YOUR ASSIGNMENT: What follows is a set of records; repeat them exactly, without the pictures.

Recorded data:
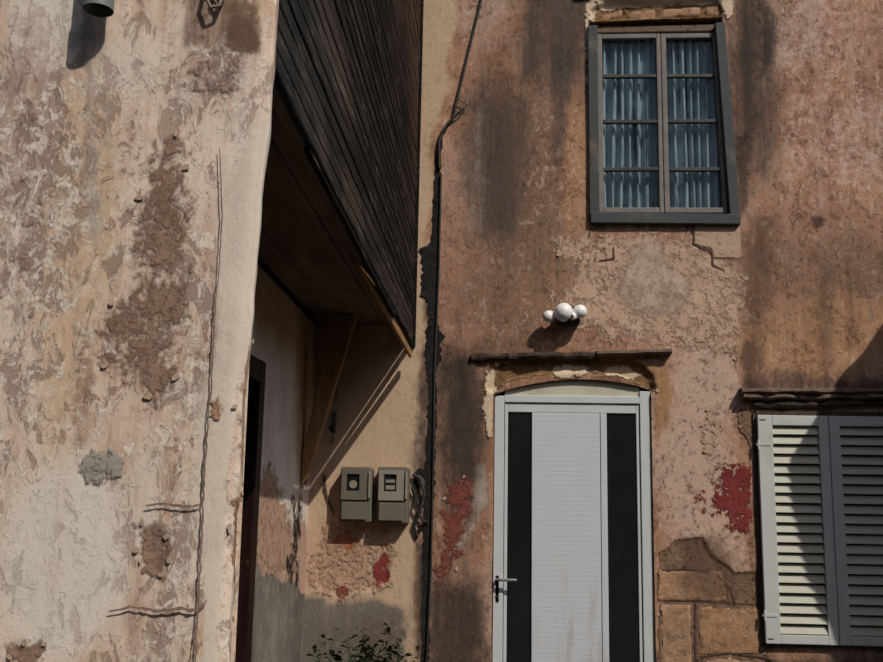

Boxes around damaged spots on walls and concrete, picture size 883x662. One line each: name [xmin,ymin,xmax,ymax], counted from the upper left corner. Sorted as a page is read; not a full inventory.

spalling [584,0,735,92]
damp [740,0,775,114]
flaking render [95,130,196,408]
crack [693,226,742,270]
flaking render [481,225,756,438]
flaking render [210,339,254,604]
peeling [432,474,487,598]
spalling [657,534,772,662]
peeling [689,462,755,534]

EXPECTED OUTPUT:
Boxes around damaged spots on walls and concrete, picture size 883x662. One line each: name [xmin,ymin,xmax,ymax], counted from the upper left corner. Sorted as a page is read; not a full inventory.

spalling [584,0,735,92]
damp [740,0,775,114]
flaking render [95,130,196,408]
crack [693,226,742,270]
flaking render [481,225,756,438]
flaking render [210,339,254,604]
peeling [432,474,487,598]
spalling [657,534,772,662]
peeling [689,462,755,534]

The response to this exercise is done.